Wednesday, March 21, 2007

Something Almost As Funny As Clay's Springtime Message!

Well, I for one hope to hell Sanjaya goes home tonight and that the little girl from last night is in the audience again! It was hilarious and it was almost as funny as Clay Aiken, because his brisk, church-lady sounding "Springtime Message" was certainly good for a laugh!
I doubt Sanjaya will leave tonight, It will end up being someone much less deserving of going home (except maybe Haley) and the crying little girl will be on The Today Show tomorrow.
For more about the bawling babe, here's an article below from Defamer. Seems she's not just a fan of Sanjaya's. It was edited to make it look that way:
The LAT's crack American Idol Showtracker investigative team was backstage at last night's taping, which introduced Fox's latest breakout star to nearly 30 million television viewers: young Ashley Ferl, the girl so memorably paralyzed by the spasms of tears elicited by Idol's resident Destroyer of Popular Music Sanjaya Malakar's eardrum-perforating performance. Reports the Times on how the show's producers came to identify the undeniable talent in their midst:
" First things first: Who was the crying girl? After the show, I chatted with Idol's newest superstar, the crying girl, Ashley Ferl, aged 13, from Riverside. For some long minutes after the show, Ashley remained in a state of inconsolable sobbing, unable to choke out a single word. However, through an interpreter (her mother) we were eventually able to learn some facts about the young superstar.
" The family, I was told, obtained tickets on a website to attend a taping of "Smarter Than a 5th Grader" a day passage that included not just the taping of the show itself, but also the dress rehearsal of either "Grader" or "Idol." The fates were kind, and the mother and daughter found their way to the "Idol" rehearsal, where Ashley's waterworks began. Her prowess was quickly brought to the attention of "Idol" producers who summoned the clan to a ringside seat of honor at the final taping.

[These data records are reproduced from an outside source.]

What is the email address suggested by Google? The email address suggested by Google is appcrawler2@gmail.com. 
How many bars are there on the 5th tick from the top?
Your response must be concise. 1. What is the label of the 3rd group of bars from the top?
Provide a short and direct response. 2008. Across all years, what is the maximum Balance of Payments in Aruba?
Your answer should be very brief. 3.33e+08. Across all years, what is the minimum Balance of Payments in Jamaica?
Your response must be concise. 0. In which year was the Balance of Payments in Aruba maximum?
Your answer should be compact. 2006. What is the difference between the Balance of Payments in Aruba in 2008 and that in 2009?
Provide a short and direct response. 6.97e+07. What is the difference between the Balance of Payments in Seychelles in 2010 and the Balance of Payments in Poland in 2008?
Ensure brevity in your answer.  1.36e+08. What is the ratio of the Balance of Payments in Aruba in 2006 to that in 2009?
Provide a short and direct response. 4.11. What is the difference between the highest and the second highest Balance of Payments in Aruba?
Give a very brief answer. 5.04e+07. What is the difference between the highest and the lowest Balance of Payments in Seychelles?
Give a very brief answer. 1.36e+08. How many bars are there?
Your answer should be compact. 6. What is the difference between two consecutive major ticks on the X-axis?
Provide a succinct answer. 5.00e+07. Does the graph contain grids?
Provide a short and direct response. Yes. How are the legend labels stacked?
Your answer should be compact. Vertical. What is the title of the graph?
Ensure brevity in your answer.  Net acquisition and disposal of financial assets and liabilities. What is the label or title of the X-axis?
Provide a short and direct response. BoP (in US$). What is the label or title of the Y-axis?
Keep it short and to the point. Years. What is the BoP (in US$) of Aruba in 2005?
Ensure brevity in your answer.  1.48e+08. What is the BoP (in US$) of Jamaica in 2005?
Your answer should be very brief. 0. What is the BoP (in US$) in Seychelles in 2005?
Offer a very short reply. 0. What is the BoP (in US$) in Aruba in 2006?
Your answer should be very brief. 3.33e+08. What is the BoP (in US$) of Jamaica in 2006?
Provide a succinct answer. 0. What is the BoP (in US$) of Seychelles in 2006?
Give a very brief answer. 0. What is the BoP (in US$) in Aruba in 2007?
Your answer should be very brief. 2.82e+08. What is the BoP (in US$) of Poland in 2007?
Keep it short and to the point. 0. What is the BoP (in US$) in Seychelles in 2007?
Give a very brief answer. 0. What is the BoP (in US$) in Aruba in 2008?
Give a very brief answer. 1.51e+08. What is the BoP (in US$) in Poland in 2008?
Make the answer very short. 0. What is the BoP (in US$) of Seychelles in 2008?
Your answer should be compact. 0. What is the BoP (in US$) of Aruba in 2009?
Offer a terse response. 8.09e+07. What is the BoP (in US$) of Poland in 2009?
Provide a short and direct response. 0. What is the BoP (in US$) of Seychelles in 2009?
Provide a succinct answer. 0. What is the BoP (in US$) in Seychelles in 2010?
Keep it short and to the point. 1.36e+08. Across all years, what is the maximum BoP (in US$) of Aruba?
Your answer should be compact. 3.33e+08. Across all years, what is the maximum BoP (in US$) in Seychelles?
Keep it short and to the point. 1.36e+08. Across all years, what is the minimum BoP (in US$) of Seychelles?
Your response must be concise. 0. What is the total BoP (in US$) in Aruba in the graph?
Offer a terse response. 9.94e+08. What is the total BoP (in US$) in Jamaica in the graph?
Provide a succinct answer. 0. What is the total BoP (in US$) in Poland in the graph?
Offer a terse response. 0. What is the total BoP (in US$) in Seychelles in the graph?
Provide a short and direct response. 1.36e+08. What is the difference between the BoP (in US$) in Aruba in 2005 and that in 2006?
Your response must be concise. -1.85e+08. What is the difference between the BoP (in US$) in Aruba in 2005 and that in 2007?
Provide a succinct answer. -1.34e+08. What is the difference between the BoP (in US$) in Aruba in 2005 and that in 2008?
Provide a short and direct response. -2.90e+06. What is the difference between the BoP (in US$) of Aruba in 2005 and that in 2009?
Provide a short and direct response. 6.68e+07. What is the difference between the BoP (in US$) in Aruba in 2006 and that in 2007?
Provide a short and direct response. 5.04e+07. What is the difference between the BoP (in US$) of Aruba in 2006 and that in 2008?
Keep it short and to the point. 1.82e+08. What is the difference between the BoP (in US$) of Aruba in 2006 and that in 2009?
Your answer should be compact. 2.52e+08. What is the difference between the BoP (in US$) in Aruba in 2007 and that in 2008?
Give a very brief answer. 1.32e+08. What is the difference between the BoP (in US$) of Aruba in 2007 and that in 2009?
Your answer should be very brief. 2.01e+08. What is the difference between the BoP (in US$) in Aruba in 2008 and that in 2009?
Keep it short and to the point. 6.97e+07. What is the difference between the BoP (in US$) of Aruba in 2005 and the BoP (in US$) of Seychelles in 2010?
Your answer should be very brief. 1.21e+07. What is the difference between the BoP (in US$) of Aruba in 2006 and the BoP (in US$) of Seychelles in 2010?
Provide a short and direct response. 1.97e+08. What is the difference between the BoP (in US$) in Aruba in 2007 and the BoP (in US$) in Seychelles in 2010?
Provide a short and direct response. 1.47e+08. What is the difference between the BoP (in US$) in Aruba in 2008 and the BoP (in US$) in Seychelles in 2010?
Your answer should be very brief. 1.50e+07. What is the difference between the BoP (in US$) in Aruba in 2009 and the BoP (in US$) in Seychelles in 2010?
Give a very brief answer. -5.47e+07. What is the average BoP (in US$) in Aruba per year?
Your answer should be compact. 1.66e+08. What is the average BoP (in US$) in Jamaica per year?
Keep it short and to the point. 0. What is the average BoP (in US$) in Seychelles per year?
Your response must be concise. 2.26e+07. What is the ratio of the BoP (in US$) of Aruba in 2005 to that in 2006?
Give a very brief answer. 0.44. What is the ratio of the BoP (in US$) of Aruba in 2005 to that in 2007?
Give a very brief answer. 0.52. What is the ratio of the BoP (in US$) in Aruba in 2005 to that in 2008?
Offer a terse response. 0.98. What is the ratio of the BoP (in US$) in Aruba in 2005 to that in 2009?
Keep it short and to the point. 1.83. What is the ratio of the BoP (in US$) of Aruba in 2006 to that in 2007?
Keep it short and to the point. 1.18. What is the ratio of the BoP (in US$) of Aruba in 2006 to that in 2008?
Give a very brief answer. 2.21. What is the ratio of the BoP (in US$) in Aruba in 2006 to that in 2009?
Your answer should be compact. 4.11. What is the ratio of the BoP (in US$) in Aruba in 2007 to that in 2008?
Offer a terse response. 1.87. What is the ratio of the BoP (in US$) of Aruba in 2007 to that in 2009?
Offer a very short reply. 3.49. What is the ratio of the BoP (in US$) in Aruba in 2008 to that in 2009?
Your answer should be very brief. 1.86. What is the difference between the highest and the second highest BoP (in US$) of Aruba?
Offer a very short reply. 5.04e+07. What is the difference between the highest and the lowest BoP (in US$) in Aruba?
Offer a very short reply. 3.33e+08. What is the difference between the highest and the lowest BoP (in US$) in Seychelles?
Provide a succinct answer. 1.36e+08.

" Her powers of speech slowly returning, Ashley revealed that while she was on stage she had been thinking that "this was the coolest thing ever." Asked whom she was supporting in the competition she named "Sanjaya, Melinda, Gina and Jordin" as her picks, refusing to narrow her vote down to a single choice. All my journalistic powers of persuasion, cajoling, bullying and insistence that on her vote might turn the entire competition, that "Listen to reason, young Ferl, there can't be four American Idols," would not convince her to name a single favorite. To my every argument, she would only repeat her mantra, "All Four: Sanjaya, Melinda, Gina and Jordin." And so the race begins in earnest, with tears at every step of the way.
Their reporting makes no mention of whether or not Fox, never a network to leave any opportunity for exploitation unexplored, has invited Ferl back for tonight's result show, knowing that the superfan's unflagging support of four of the remaining eleven hopefuls leaves them with (at worst) a thirty-seven percent chance of capturing on camera the utter ruination of her childhood should one of her favorites be dismissed. The resulting paroxysm of sorrow will immediately become part of the "farewell montage" that plays each contestant off the stage and into the professional purgatory of the Idol Tour, where the girl's flood of uncontrollable tears will remind viewers about the lives they destroy each and every week with their phone calls and text messages.